In Brimful of Asia, the term 'Asian' embraces a variety of musicians with ethnic roots in the Indian subcontinent who grew up in Britain and whose music appeared in the UK popular music scene in the early 1990s. Britain had witnessed such artists before. Farrokh Bulsara, born in Zanzibar and brought up in India until the age of 16, became lead singer of one of the UK's most commercially successful bands. But Freddie Mercury, the pseudonym and public persona of the lead singer of Queen, made little or no reference to his ethnic origins. In the early 1990s, however, this situation changed as increasing numbers of Asian artists in Britain drew on their sense of ethnic identity, allowing it to inform their music in more direct ways. Indian sounds appeared alongside hip-hop, rock, and electronic dance, in some cases as a metaphor for displacement, while lyrics became more politically charged. When Apache Indian, Bally Sagoo, Fun^Da^Mental, Hustlers HC, the Voodoo Queens, Asian Dub Foundation, Nitin Sawhney, Talvin Singh, Echobelly, Black Star Liner, and Cornershop appeared a number of them were greeted by the media as a sign of disaffection among British Asian youth. Even academics, encouraged by the overtly political stance of Fun^Da^Mental, whose first album Seize the Time (1994) sampled the voice of the black rights activist Malcolm X, pursued the line that this emerging musical trend constituted a collective form of Asian resistance. In Brimful of Asia, Rehan Hyder questions this assumption by asking musicians, from four of the bands listed above, what their intentions actually had been.

As a senior lecturer in media and cultural studies the author is not particularly concerned with the sound of the music. As he opines in his introduction, 'the actual music itself is not of primary importance; how it is used, interpreted and reported is the real source of interest' ( p. 5).
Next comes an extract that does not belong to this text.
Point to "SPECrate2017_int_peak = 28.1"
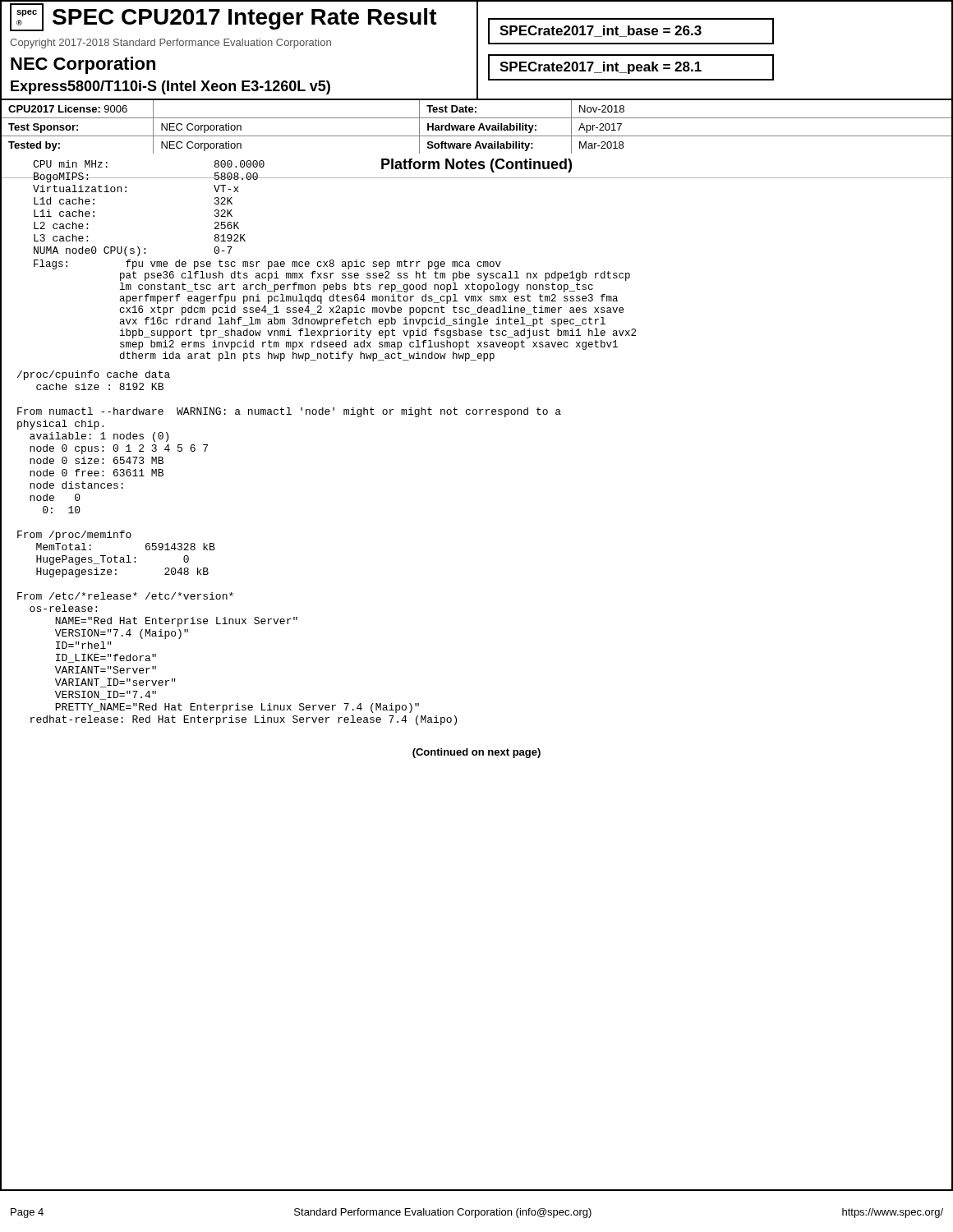Image resolution: width=953 pixels, height=1232 pixels. (631, 67)
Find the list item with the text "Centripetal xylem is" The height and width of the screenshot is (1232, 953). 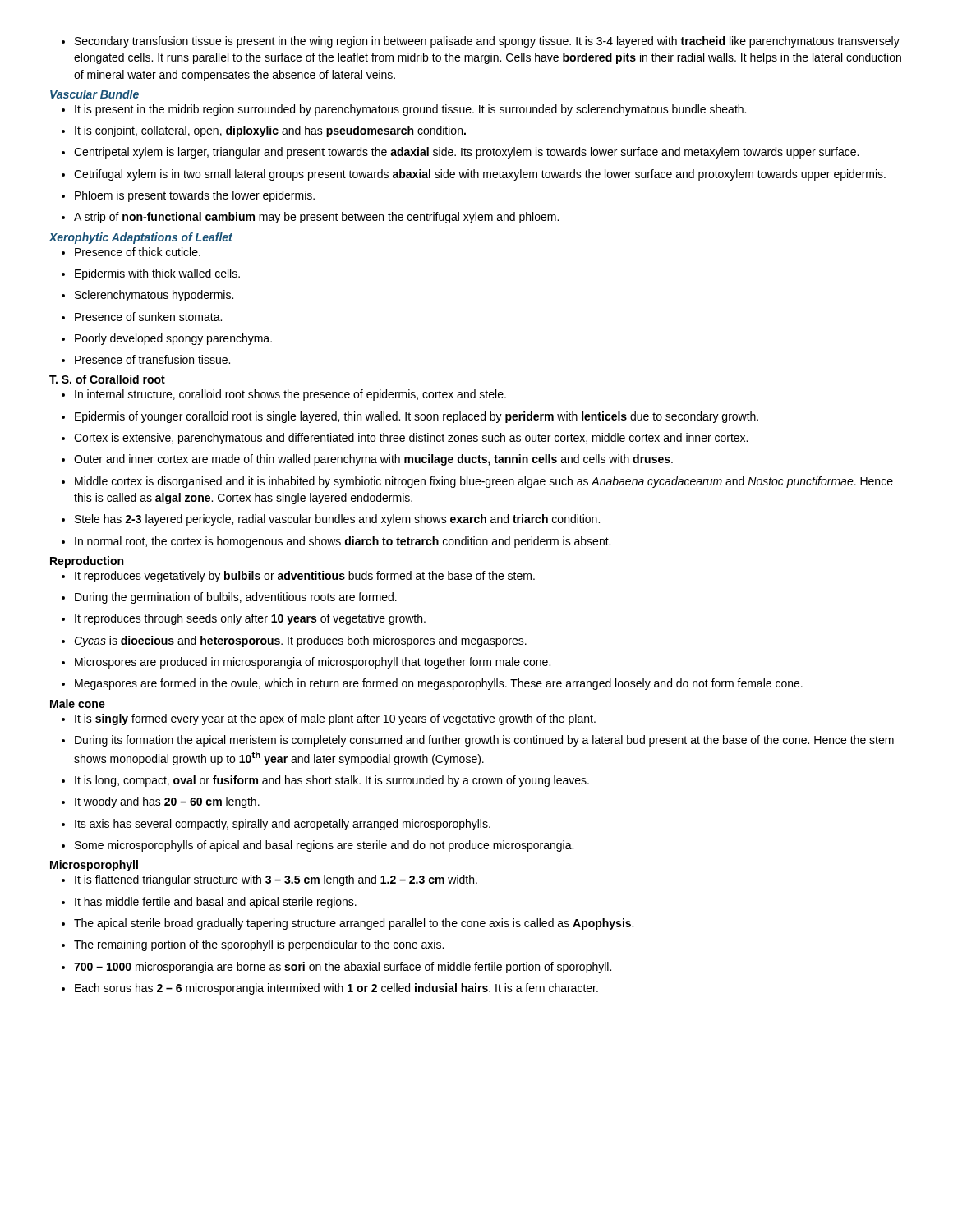tap(476, 152)

Hyder's motivating concern is to reveal the effect an over-emphasis on ethnic identity has had, not only on Asian artists but also on bands whose musicians have diverse ethnic backgrounds. He illustrates this with reference to Cornershop, who were hailed in 1993 as '"the voice of disaffected Asian youth" despite the fact that three of the band [sic] were white and that they tried to distance themselves from any organized political agenda' (p. 43). In this sense, he is perhaps rightly critical of Dis-Orienting Rhythms: The Politics of the New Asian Dance Music (ed. Sanjay Sharma, John Hutnyk, and Ashwani Sharma (London and Atlantic Heights, NJ, 1996)) for its 'simplistic stereotyping of Asian bands as essentially exotic and political' (loc. cit.)—although this key text deserves broader critical engagement than is afforded it here.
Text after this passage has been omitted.